Abstract

Human vital-sign sensing using electromagnetic wave has emerged as a promising technology for the noninvasive monitoring of individuals’ health status. Here, a modular reprogrammable metasurface system is presented to suppress noise in noninvasive human respiration sensing. The proposed reprogrammable Biological Metasurface (BioMeta) provides three-dimensional dynamic control over wavefront shaping and thus can reduce interference from human limb motions. This capability allows the system to acquire health data accurately and reliably and is particularly beneficial in real-world environments where human subjects may change posture or location frequently. Furthermore, the meta-atom in BioMeta is modular and detachable, thereby resulting in reusable properties and promoting environmental sustainability. Meanwhile, the characteristics of mechanical control enable BioMeta to operate without continuous power supply, thus saving energy to a certain extent.
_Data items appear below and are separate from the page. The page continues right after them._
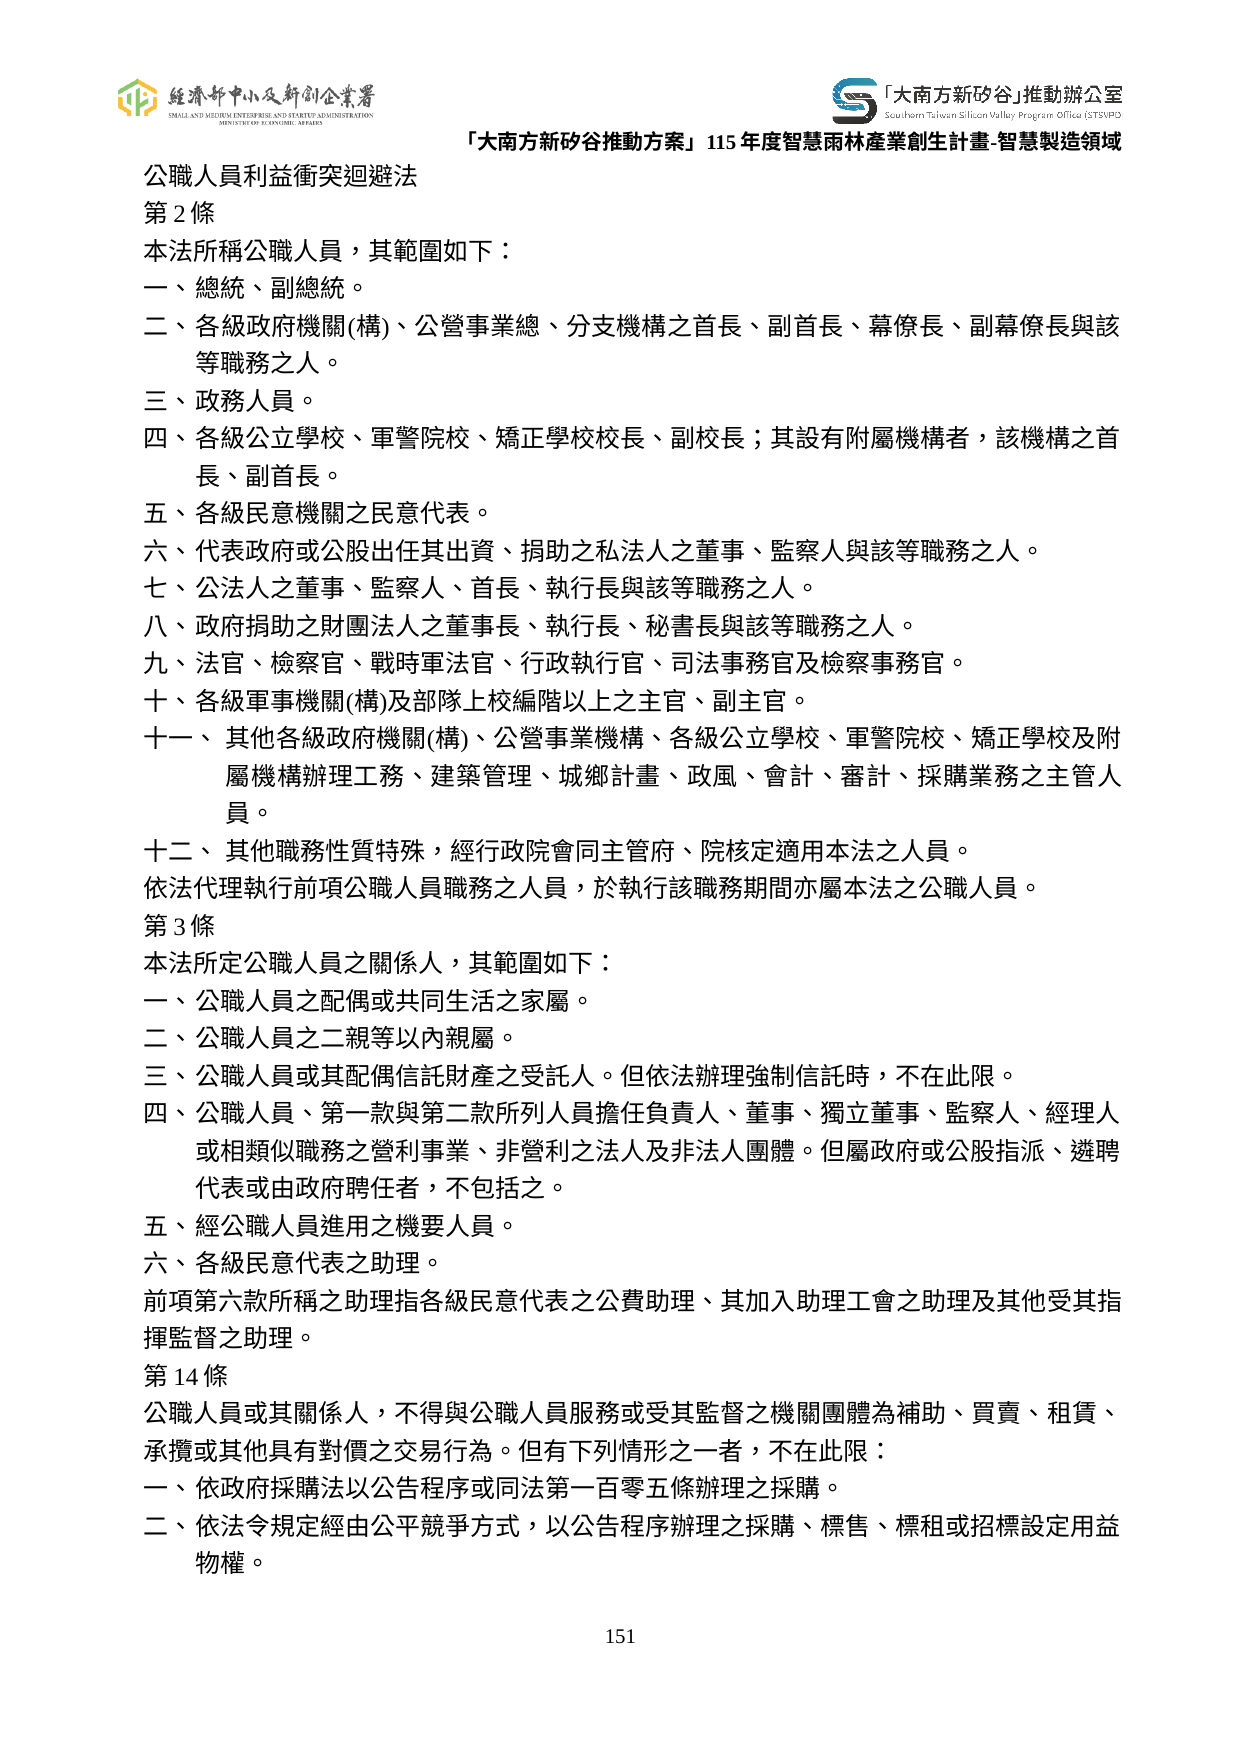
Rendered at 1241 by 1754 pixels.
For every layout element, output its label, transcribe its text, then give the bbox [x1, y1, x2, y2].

text 二、 公職人員之二親等以內親屬。 [143, 1018, 1122, 1055]
text 八、 政府捐助之財團法人之董事長、執行長、秘書長與該等職務之人。 [143, 605, 1122, 643]
text 第14條 [143, 1355, 1122, 1393]
text 六、 各級民意代表之助理。 [143, 1243, 1122, 1280]
text 九、 法官、檢察官、戰時軍法官、行政執行官、司法事務官及檢察事務官。 [143, 643, 1122, 680]
text 四、 各級公立學校、軍警院校、矯正學校校長、副校長；其設有附屬機構者，該機構之首長、副首長。 [143, 418, 1122, 493]
text 五、 經公職人員進用之機要人員。 [143, 1205, 1122, 1243]
text 本法所稱公職人員，其範圍如下： [143, 230, 1122, 268]
text 十一、 其他各級政府機關(構)、公營事業機構、各級公立學校、軍警院校、矯正學校及附屬機構辦理工務、建築管理、城鄉計畫、政風、會計、審計、採購業務之主管人員。 [143, 718, 1122, 830]
text 公職人員利益衝突迴避法 [143, 155, 1122, 193]
text 五、 各級民意機關之民意代表。 [143, 493, 1122, 530]
text 依法代理執行前項公職人員職務之人員，於執行該職務期間亦屬本法之公職人員。 [143, 868, 1122, 905]
text 二、 各級政府機關(構)、公營事業總、分支機構之首長、副首長、幕僚長、副幕僚長與該等職務之人。 [143, 305, 1122, 380]
text 第2條 [143, 193, 1122, 230]
text 本法所定公職人員之關係人，其範圍如下： [143, 943, 1122, 980]
text 前項第六款所稱之助理指各級民意代表之公費助理、其加入助理工會之助理及其他受其指揮監督之助理。 [143, 1280, 1122, 1355]
text 二、 依法令規定經由公平競爭方式，以公告程序辦理之採購、標售、標租或招標設定用益物權。 [143, 1505, 1122, 1580]
text 三、 政務人員。 [143, 380, 1122, 418]
text 公職人員或其關係人，不得與公職人員服務或受其監督之機關團體為補助、買賣、租賃、承攬或其他具有對價之交易行為。但有下列情形之一者，不在此限： [143, 1393, 1122, 1468]
text 十、 各級軍事機關(構)及部隊上校編階以上之主官、副主官。 [143, 680, 1122, 718]
text 七、 公法人之董事、監察人、首長、執行長與該等職務之人。 [143, 568, 1122, 605]
text 三、 公職人員或其配偶信託財產之受託人。但依法辦理強制信託時，不在此限。 [143, 1055, 1122, 1093]
text 十二、 其他職務性質特殊，經行政院會同主管府、院核定適用本法之人員。 [143, 830, 1122, 868]
text 第3條 [143, 905, 1122, 943]
text 一、 依政府採購法以公告程序或同法第一百零五條辦理之採購。 [143, 1468, 1122, 1505]
text 一、 公職人員之配偶或共同生活之家屬。 [143, 980, 1122, 1018]
text 一、 總統、副總統。 [143, 268, 1122, 305]
text 四、 公職人員、第一款與第二款所列人員擔任負責人、董事、獨立董事、監察人、經理人或相類似職務之營利事業、非營利之法人及非法人團體。但屬政府或公股指派、遴聘代表或由政府聘任者，不包括之。 [143, 1093, 1122, 1205]
text 六、 代表政府或公股出任其出資、捐助之私法人之董事、監察人與該等職務之人。 [143, 530, 1122, 568]

A contactless human respiration sensing prototype based on the proposed BioMeta is demonstrated. Experimental results validate that the BioMeta system can accurately monitor the breathing of multiple individuals with limb movements by means of time multiplexing, with an average estimation error of 0.5 respiration per minute. The proposed system enhances sensing accuracy and reliability for noninvasive human respiration monitoring, presenting a versatile and environmentally friendly solution for applications like elderly care and disease monitoring.